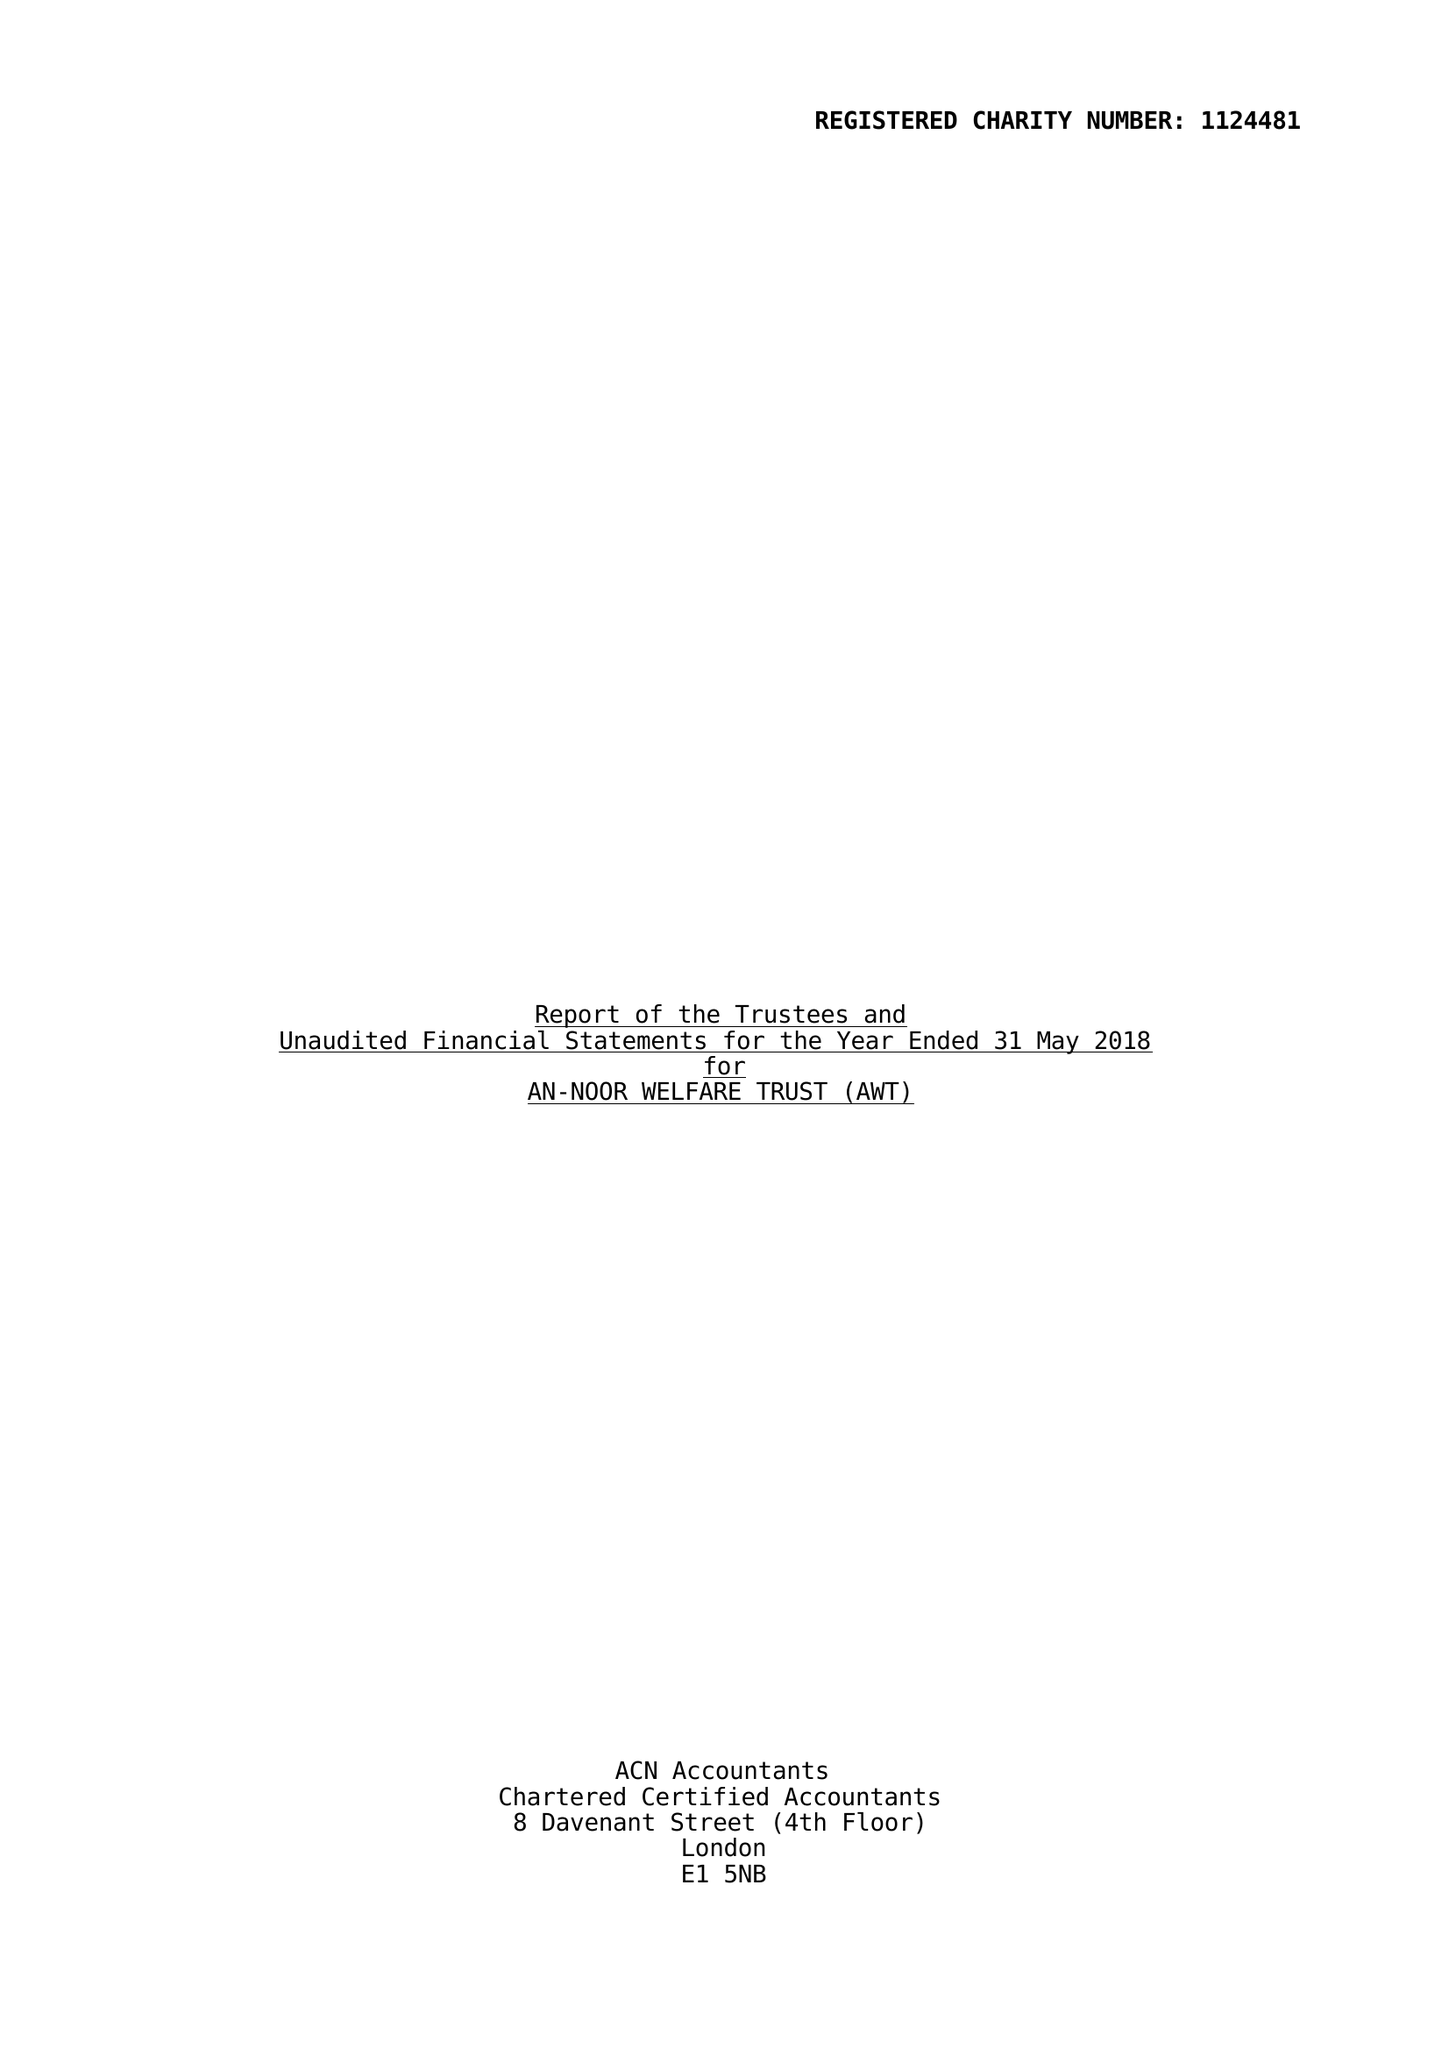What is the value for the address__post_town?
Answer the question using a single word or phrase. LONDON 
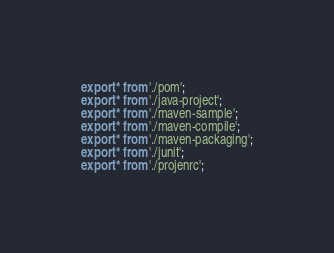Convert code to text. <code><loc_0><loc_0><loc_500><loc_500><_TypeScript_>export * from './pom';
export * from './java-project';
export * from './maven-sample';
export * from './maven-compile';
export * from './maven-packaging';
export * from './junit';
export * from './projenrc';
</code> 
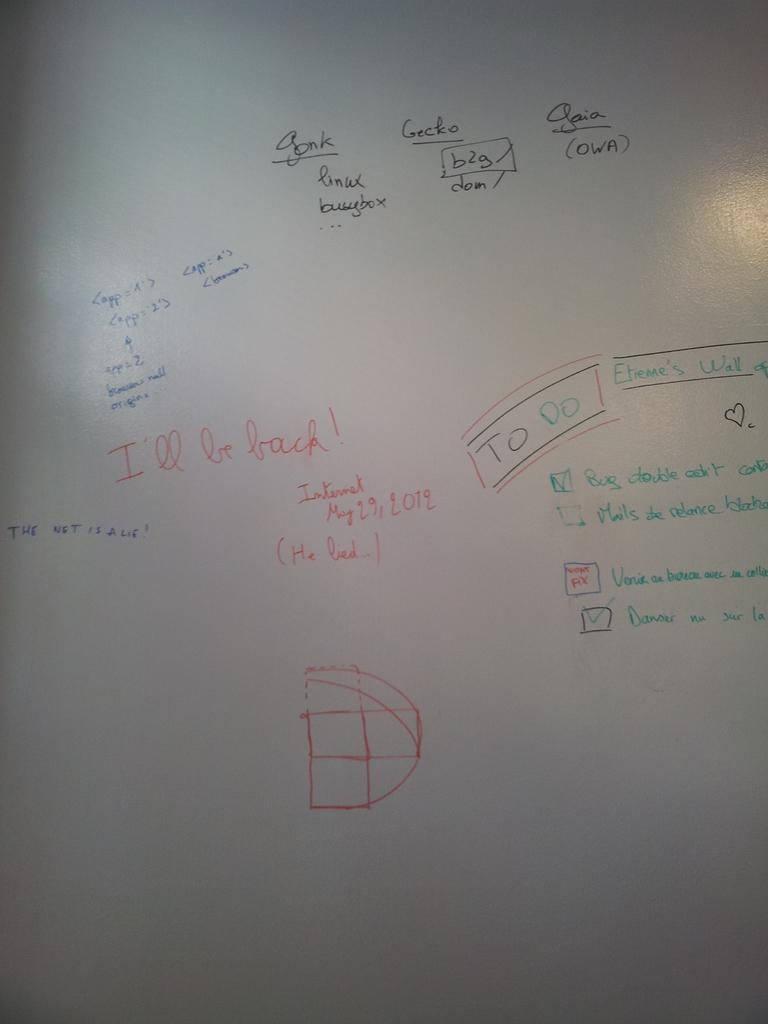<image>
Render a clear and concise summary of the photo. Notes on a white board say that the Internet will be back next to a to-do list. 
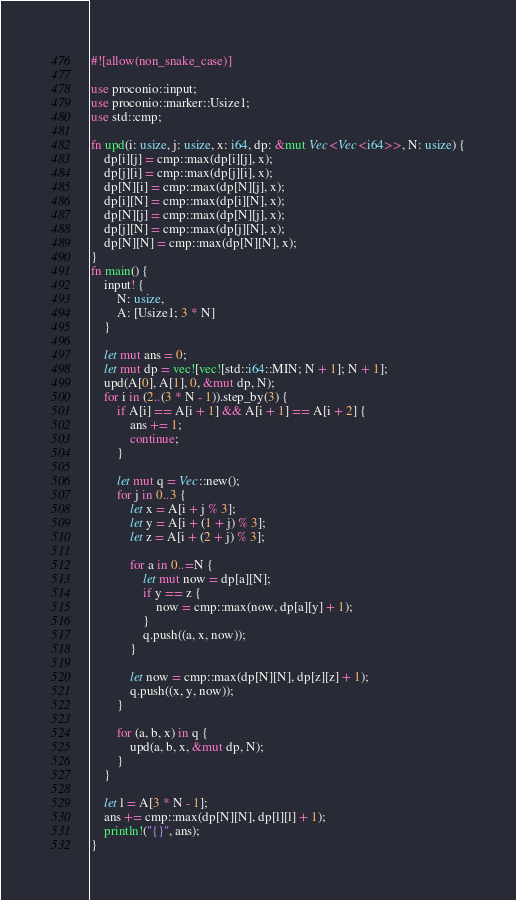Convert code to text. <code><loc_0><loc_0><loc_500><loc_500><_Rust_>#![allow(non_snake_case)]

use proconio::input;
use proconio::marker::Usize1;
use std::cmp;

fn upd(i: usize, j: usize, x: i64, dp: &mut Vec<Vec<i64>>, N: usize) {
    dp[i][j] = cmp::max(dp[i][j], x);
    dp[j][i] = cmp::max(dp[j][i], x);
    dp[N][i] = cmp::max(dp[N][j], x);
    dp[i][N] = cmp::max(dp[i][N], x);
    dp[N][j] = cmp::max(dp[N][j], x);
    dp[j][N] = cmp::max(dp[j][N], x);
    dp[N][N] = cmp::max(dp[N][N], x);
}
fn main() {
    input! {
        N: usize,
        A: [Usize1; 3 * N]
    }

    let mut ans = 0;
    let mut dp = vec![vec![std::i64::MIN; N + 1]; N + 1];
    upd(A[0], A[1], 0, &mut dp, N);
    for i in (2..(3 * N - 1)).step_by(3) {
        if A[i] == A[i + 1] && A[i + 1] == A[i + 2] {
            ans += 1;
            continue;
        }

        let mut q = Vec::new();
        for j in 0..3 {
            let x = A[i + j % 3];
            let y = A[i + (1 + j) % 3];
            let z = A[i + (2 + j) % 3];

            for a in 0..=N {
                let mut now = dp[a][N];
                if y == z {
                    now = cmp::max(now, dp[a][y] + 1);
                }
                q.push((a, x, now));
            }

            let now = cmp::max(dp[N][N], dp[z][z] + 1);
            q.push((x, y, now));
        }

        for (a, b, x) in q {
            upd(a, b, x, &mut dp, N);
        }
    }

    let l = A[3 * N - 1];
    ans += cmp::max(dp[N][N], dp[l][l] + 1);
    println!("{}", ans);
}
</code>

====

Problem requirements:
Copy out each line of the entries where the word "maven" is found.

Result for this task:
export * from './maven-sample';
export * from './maven-compile';
export * from './maven-packaging';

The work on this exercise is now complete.